For investors, it seems that old habits die hard.
A recent report from the
Morgan Stanley Institute for Sustainable Investing, found that more than half of investors – 54% – believe that sustainable investing involves a financial trade-off: that it provides the feel-good factor but only in exchange for lower returns.
This attitude persists in the face of numerous other studies showing that sustainable investing produces better, or at least no worse, returns than more traditional investment strategies. A quick look at the S&P US Carbon Efficient Index shows that it outperforms the S&P 500 benchmark index of top US companies.
Morgan Stanley itself has found that sustainable investing has advantages over investment strategies that do not take sustainability into account. A separate
Morgan Stanley report found that, in general, mutual funds that invest in more sustainable companies perform as well or better than traditional investment funds.
Good management
And in case any more evidence was needed, researchers from Oxford University published
a major study in late 2014 that analysed about 200 studies, finding that 80% of them “demonstrate that prudent sustainability practices have a positive influence on investment performance”.
This should not be a surprise. A focus on sustainability is a proxy for good company management. More sustainable companies concentrate on areas such as energy and resource efficiency, which translate into lower costs.

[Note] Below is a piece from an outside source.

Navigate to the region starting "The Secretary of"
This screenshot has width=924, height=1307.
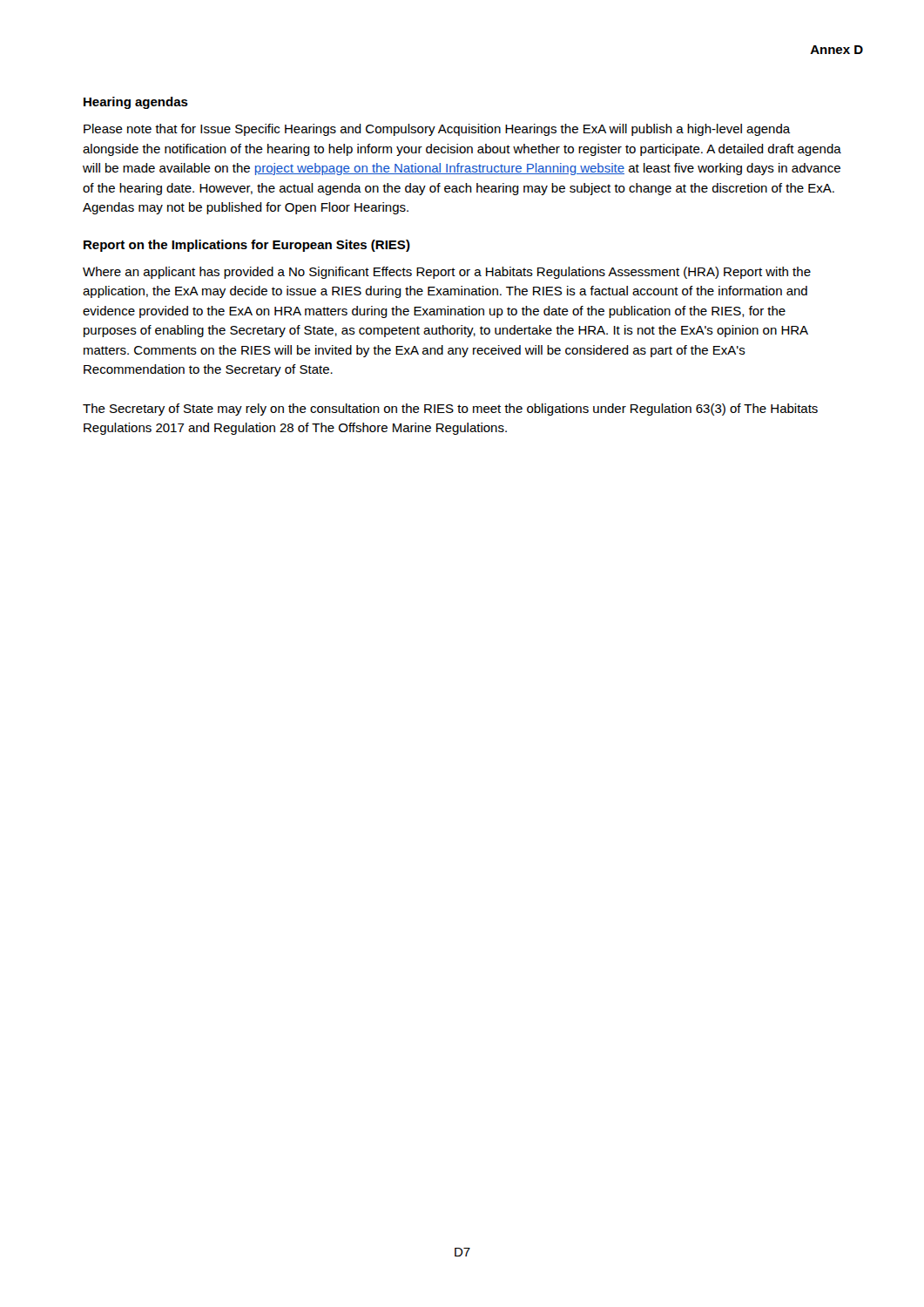coord(450,418)

They also improve their performance through environmental, social and governance policies and practices, and anticipate the increasing tide of sustainability-related regulation, by, for example, voluntarily setting greenhouse gas reduction targets.
What investors want
With such evidence, it is perhaps surprising that more investors have not been demanding a greater focus on sustainability from the companies in their portfolios.
Things are changing perhaps – an increasing switch to sustainability by investors might be underway. Investment managers LGT Capital Partners and consultants Mercer found in
another recent survey that 54% of institutional investors who incorporate ESG criteria in their decisions have done so only for the last three years or less.

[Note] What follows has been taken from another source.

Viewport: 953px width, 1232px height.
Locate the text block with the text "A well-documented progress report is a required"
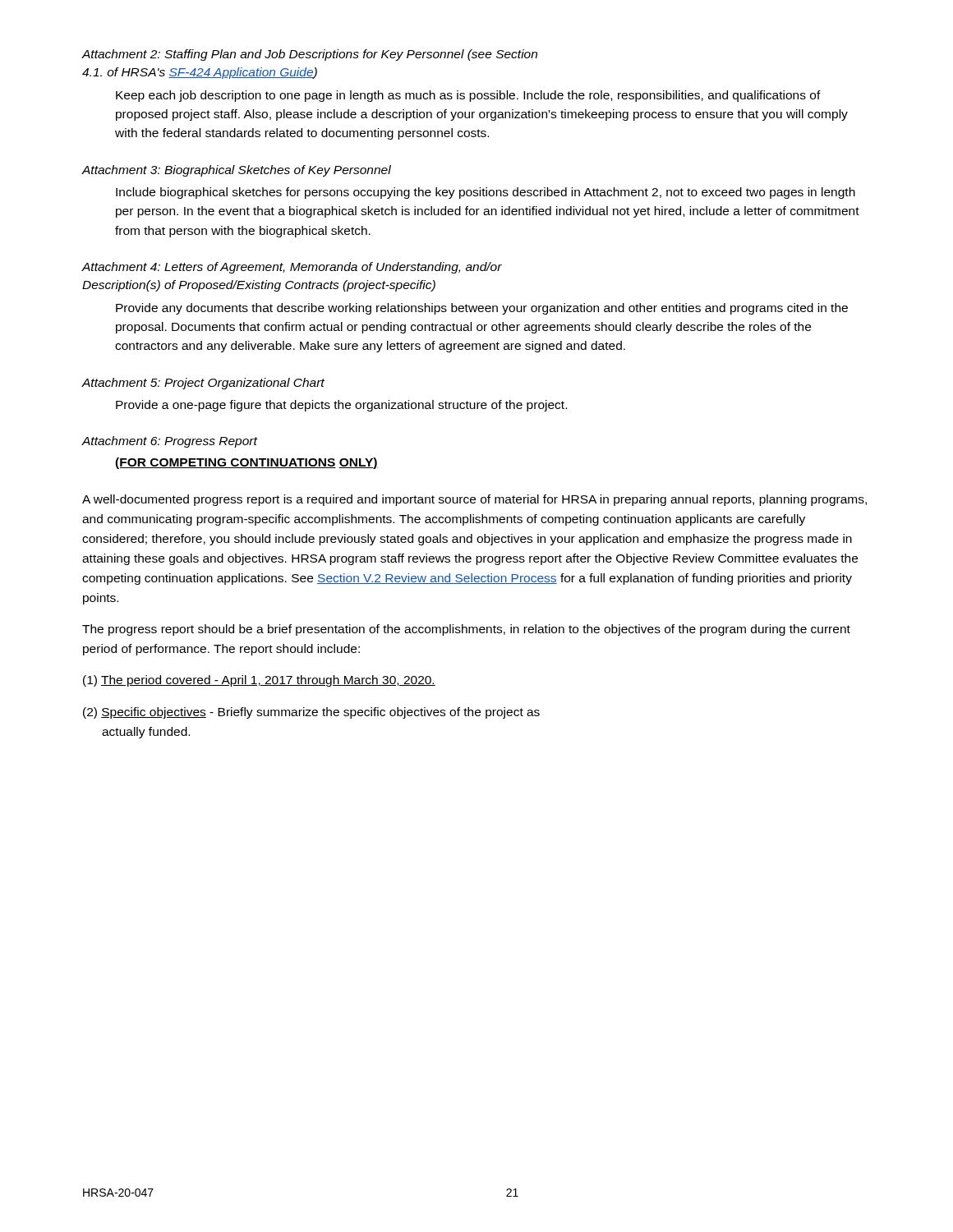point(475,548)

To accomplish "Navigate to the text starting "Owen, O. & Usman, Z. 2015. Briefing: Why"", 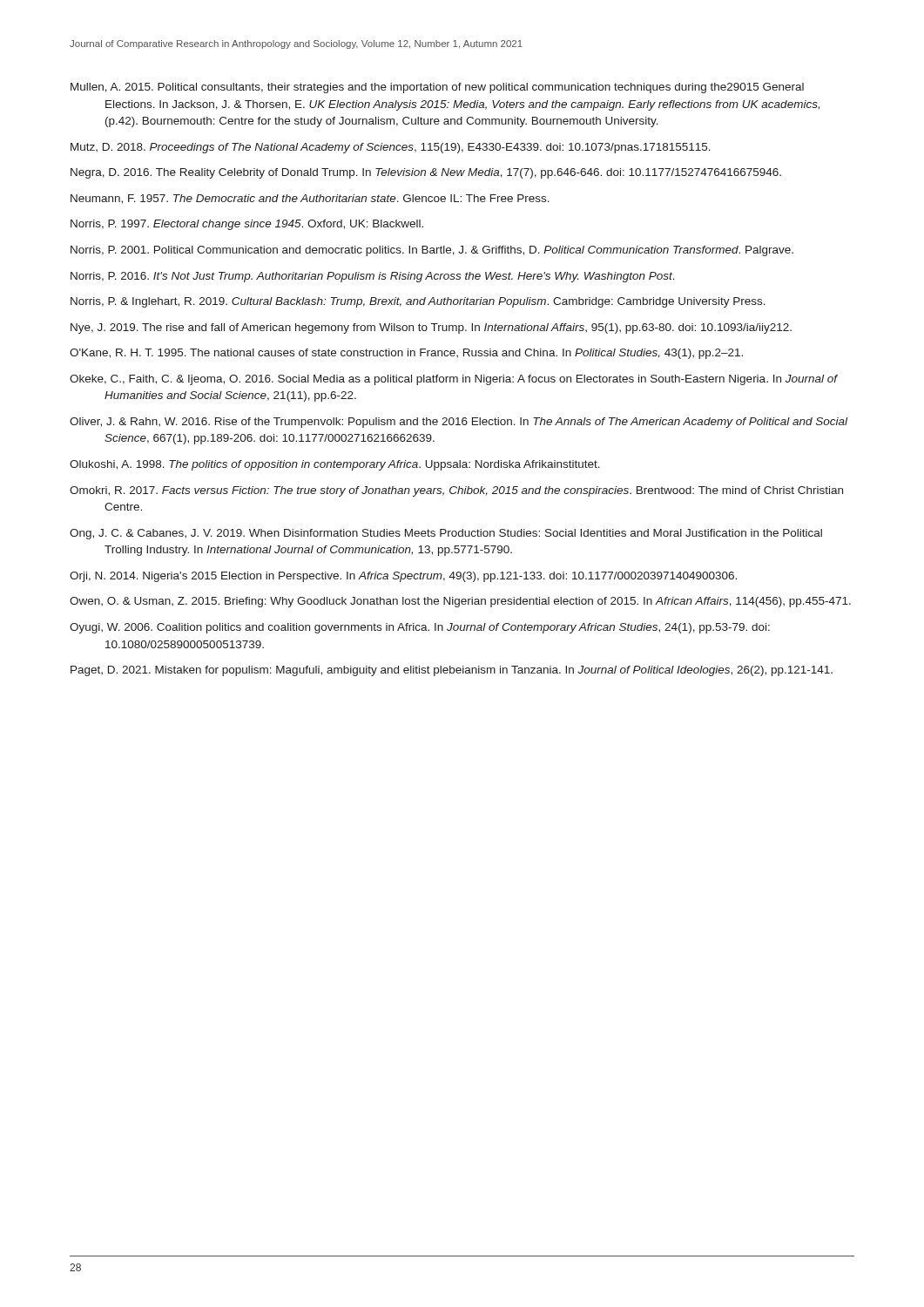I will [x=461, y=601].

The investors that continue to believe sustainable investing involves a financial trade-off are perhaps influenced by some shortcomings in company reporting that sustainable investors themselves regularly highlight.

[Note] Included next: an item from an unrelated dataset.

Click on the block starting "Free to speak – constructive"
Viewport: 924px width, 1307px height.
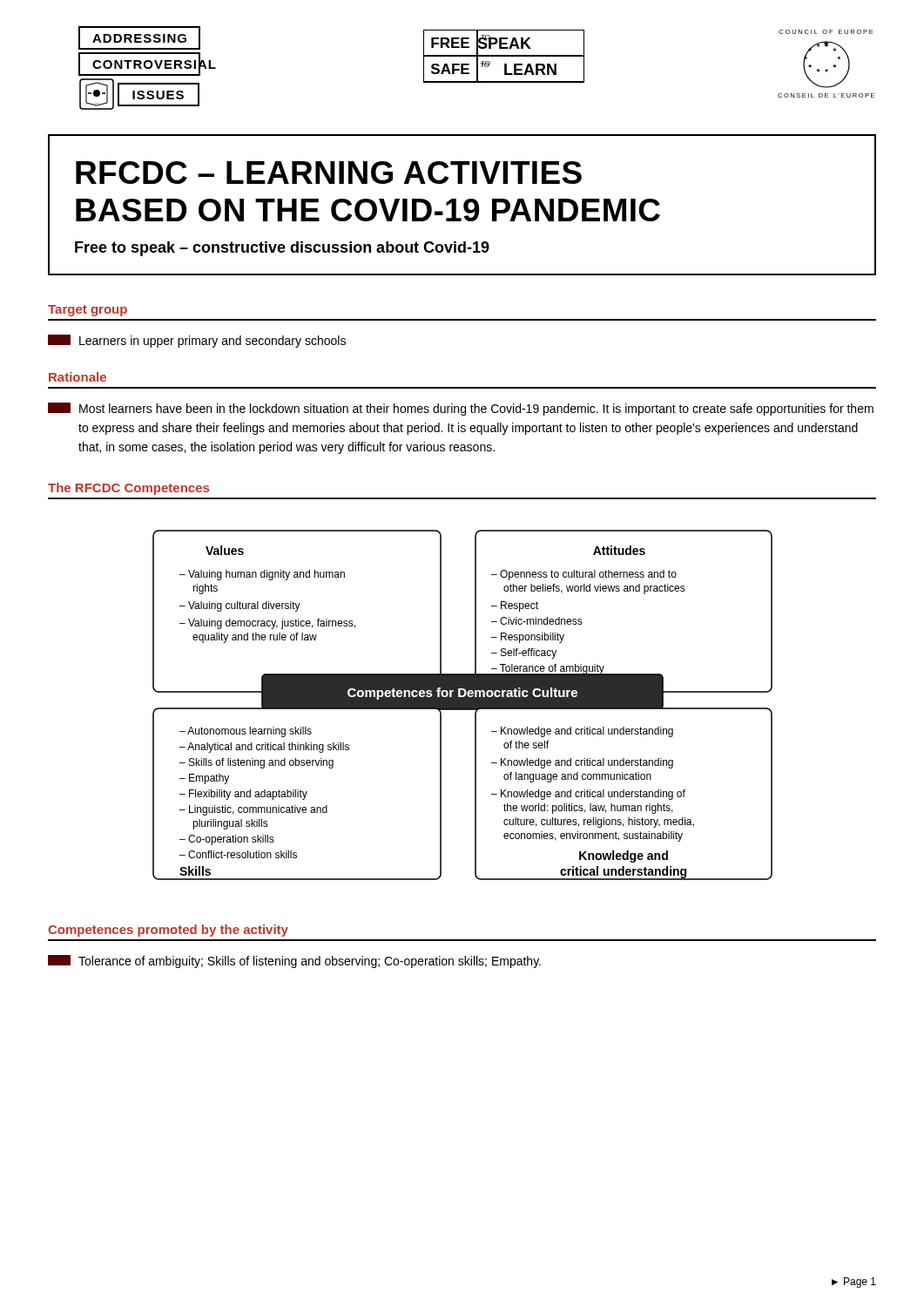coord(282,248)

In particular, companies stand accused of still not properly linking what they say on sustainability to business strategy and risk. Many companies have yet to get to grips with the issue of materiality and demonstrate what sustainability really means for their operations.
The right reporting
Investors also complain that companies’ non-financial reporting is hard to compare, or that information is simply lacking, especially in terms of key performance indicators.
For example, a
Corporate Knights Measuring Sustainability Disclosure report, published in October 2014, found that only 2.8% of large listed companies worldwide disclose all of what it called the “seven basic sustainability metrics”: employee turnover, energy, greenhouse gas emissions, injury rate, payroll, waste and water.
So while it is time for investors to dispense with old prejudices about financial trade-offs and sustainable investing, there is also a need for companies to more convincingly make the case, and to help investors by improving their reporting and providing clear, relevant disclosures.